Input data:
================================
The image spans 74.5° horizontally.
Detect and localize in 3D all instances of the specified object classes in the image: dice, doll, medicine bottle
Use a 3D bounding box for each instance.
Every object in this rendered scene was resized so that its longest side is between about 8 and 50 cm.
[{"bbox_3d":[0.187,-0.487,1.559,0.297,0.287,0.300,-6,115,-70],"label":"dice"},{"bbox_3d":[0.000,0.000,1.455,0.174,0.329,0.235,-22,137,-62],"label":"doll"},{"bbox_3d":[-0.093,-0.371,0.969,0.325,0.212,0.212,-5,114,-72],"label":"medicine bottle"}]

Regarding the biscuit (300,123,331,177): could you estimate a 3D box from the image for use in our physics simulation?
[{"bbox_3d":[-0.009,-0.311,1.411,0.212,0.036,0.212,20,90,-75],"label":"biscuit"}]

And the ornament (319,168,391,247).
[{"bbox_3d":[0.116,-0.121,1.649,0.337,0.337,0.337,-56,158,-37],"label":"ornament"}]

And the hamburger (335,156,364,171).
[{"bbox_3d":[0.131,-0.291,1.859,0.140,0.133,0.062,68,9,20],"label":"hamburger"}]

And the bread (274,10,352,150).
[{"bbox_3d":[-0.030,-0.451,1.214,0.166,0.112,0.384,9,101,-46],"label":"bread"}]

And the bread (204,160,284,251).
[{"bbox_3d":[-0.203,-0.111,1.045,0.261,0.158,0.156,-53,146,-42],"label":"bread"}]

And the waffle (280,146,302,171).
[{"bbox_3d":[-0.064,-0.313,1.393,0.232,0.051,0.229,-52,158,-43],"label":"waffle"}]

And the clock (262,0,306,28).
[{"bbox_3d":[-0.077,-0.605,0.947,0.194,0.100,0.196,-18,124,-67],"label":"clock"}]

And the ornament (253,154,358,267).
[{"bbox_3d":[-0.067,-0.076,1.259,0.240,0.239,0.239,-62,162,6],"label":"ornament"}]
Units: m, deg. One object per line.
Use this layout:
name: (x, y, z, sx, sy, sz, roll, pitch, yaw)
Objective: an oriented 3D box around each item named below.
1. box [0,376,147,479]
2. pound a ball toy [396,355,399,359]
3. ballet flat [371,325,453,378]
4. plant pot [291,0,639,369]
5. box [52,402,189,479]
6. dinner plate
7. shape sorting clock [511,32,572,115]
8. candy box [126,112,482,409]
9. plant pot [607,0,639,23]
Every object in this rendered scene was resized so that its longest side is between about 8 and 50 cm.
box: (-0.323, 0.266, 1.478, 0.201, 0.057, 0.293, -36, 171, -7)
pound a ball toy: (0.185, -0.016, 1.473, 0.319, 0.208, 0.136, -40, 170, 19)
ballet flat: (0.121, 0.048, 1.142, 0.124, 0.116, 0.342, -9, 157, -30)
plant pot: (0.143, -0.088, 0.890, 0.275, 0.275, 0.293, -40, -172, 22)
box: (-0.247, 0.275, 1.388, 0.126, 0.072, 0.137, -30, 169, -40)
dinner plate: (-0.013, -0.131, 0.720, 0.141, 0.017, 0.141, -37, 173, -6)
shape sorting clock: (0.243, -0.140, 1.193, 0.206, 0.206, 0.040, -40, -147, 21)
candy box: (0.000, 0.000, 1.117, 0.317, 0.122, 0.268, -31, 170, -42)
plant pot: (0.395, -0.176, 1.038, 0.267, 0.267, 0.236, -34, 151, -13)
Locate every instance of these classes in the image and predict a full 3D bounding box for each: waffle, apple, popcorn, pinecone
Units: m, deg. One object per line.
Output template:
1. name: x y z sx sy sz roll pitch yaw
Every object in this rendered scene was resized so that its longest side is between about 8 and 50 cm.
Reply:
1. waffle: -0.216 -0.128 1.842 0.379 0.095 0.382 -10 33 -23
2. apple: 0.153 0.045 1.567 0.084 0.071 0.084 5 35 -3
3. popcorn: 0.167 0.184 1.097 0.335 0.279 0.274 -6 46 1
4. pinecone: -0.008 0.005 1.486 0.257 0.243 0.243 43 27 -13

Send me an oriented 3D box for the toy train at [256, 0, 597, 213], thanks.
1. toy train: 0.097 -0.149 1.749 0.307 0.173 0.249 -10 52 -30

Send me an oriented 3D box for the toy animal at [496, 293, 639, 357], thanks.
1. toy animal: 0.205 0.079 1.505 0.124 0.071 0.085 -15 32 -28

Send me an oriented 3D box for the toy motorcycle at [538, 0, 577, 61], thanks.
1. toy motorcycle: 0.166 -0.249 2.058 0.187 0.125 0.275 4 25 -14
================================
Task prompt: Retype the material exactly.

Solution below:
The image spans 74.5° horizontally.
Detect and localize in 3D all instances of the specified object classes in the image: dice, doll, medicine bottle
Use a 3D bounding box for each instance.
Every object in this rendered scene was resized so that its longest side is between about 8 and 50 cm.
[{"bbox_3d":[0.187,-0.487,1.559,0.297,0.287,0.300,-6,115,-70],"label":"dice"},{"bbox_3d":[0.000,0.000,1.455,0.174,0.329,0.235,-22,137,-62],"label":"doll"},{"bbox_3d":[-0.093,-0.371,0.969,0.325,0.212,0.212,-5,114,-72],"label":"medicine bottle"}]

Regarding the biscuit (300,123,331,177): could you estimate a 3D box from the image for use in our physics simulation?
[{"bbox_3d":[-0.009,-0.311,1.411,0.212,0.036,0.212,20,90,-75],"label":"biscuit"}]

And the ornament (319,168,391,247).
[{"bbox_3d":[0.116,-0.121,1.649,0.337,0.337,0.337,-56,158,-37],"label":"ornament"}]

And the hamburger (335,156,364,171).
[{"bbox_3d":[0.131,-0.291,1.859,0.140,0.133,0.062,68,9,20],"label":"hamburger"}]

And the bread (274,10,352,150).
[{"bbox_3d":[-0.030,-0.451,1.214,0.166,0.112,0.384,9,101,-46],"label":"bread"}]

And the bread (204,160,284,251).
[{"bbox_3d":[-0.203,-0.111,1.045,0.261,0.158,0.156,-53,146,-42],"label":"bread"}]

And the waffle (280,146,302,171).
[{"bbox_3d":[-0.064,-0.313,1.393,0.232,0.051,0.229,-52,158,-43],"label":"waffle"}]

And the clock (262,0,306,28).
[{"bbox_3d":[-0.077,-0.605,0.947,0.194,0.100,0.196,-18,124,-67],"label":"clock"}]

And the ornament (253,154,358,267).
[{"bbox_3d":[-0.067,-0.076,1.259,0.240,0.239,0.239,-62,162,6],"label":"ornament"}]
Units: m, deg. One object per line.
Use this layout:
name: (x, y, z, sx, sy, sz, roll, pitch, yaw)
Objective: an oriented 3D box around each item named below.
1. box [0,376,147,479]
2. pound a ball toy [396,355,399,359]
3. ballet flat [371,325,453,378]
4. plant pot [291,0,639,369]
5. box [52,402,189,479]
6. dinner plate
7. shape sorting clock [511,32,572,115]
8. candy box [126,112,482,409]
9. plant pot [607,0,639,23]
Every object in this rendered scene was resized so that its longest side is between about 8 and 50 cm.
box: (-0.323, 0.266, 1.478, 0.201, 0.057, 0.293, -36, 171, -7)
pound a ball toy: (0.185, -0.016, 1.473, 0.319, 0.208, 0.136, -40, 170, 19)
ballet flat: (0.121, 0.048, 1.142, 0.124, 0.116, 0.342, -9, 157, -30)
plant pot: (0.143, -0.088, 0.890, 0.275, 0.275, 0.293, -40, -172, 22)
box: (-0.247, 0.275, 1.388, 0.126, 0.072, 0.137, -30, 169, -40)
dinner plate: (-0.013, -0.131, 0.720, 0.141, 0.017, 0.141, -37, 173, -6)
shape sorting clock: (0.243, -0.140, 1.193, 0.206, 0.206, 0.040, -40, -147, 21)
candy box: (0.000, 0.000, 1.117, 0.317, 0.122, 0.268, -31, 170, -42)
plant pot: (0.395, -0.176, 1.038, 0.267, 0.267, 0.236, -34, 151, -13)
Locate every instance of these classes in the image and predict a full 3D bounding box for each: waffle, apple, popcorn, pinecone
Units: m, deg. One object per line.
Output template:
1. name: x y z sx sy sz roll pitch yaw
Every object in this rendered scene was resized so that its longest side is between about 8 and 50 cm.
Reply:
1. waffle: -0.216 -0.128 1.842 0.379 0.095 0.382 -10 33 -23
2. apple: 0.153 0.045 1.567 0.084 0.071 0.084 5 35 -3
3. popcorn: 0.167 0.184 1.097 0.335 0.279 0.274 -6 46 1
4. pinecone: -0.008 0.005 1.486 0.257 0.243 0.243 43 27 -13

Send me an oriented 3D box for the toy train at [256, 0, 597, 213], thanks.
1. toy train: 0.097 -0.149 1.749 0.307 0.173 0.249 -10 52 -30

Send me an oriented 3D box for the toy animal at [496, 293, 639, 357], thanks.
1. toy animal: 0.205 0.079 1.505 0.124 0.071 0.085 -15 32 -28

Send me an oriented 3D box for the toy motorcycle at [538, 0, 577, 61], thanks.
1. toy motorcycle: 0.166 -0.249 2.058 0.187 0.125 0.275 4 25 -14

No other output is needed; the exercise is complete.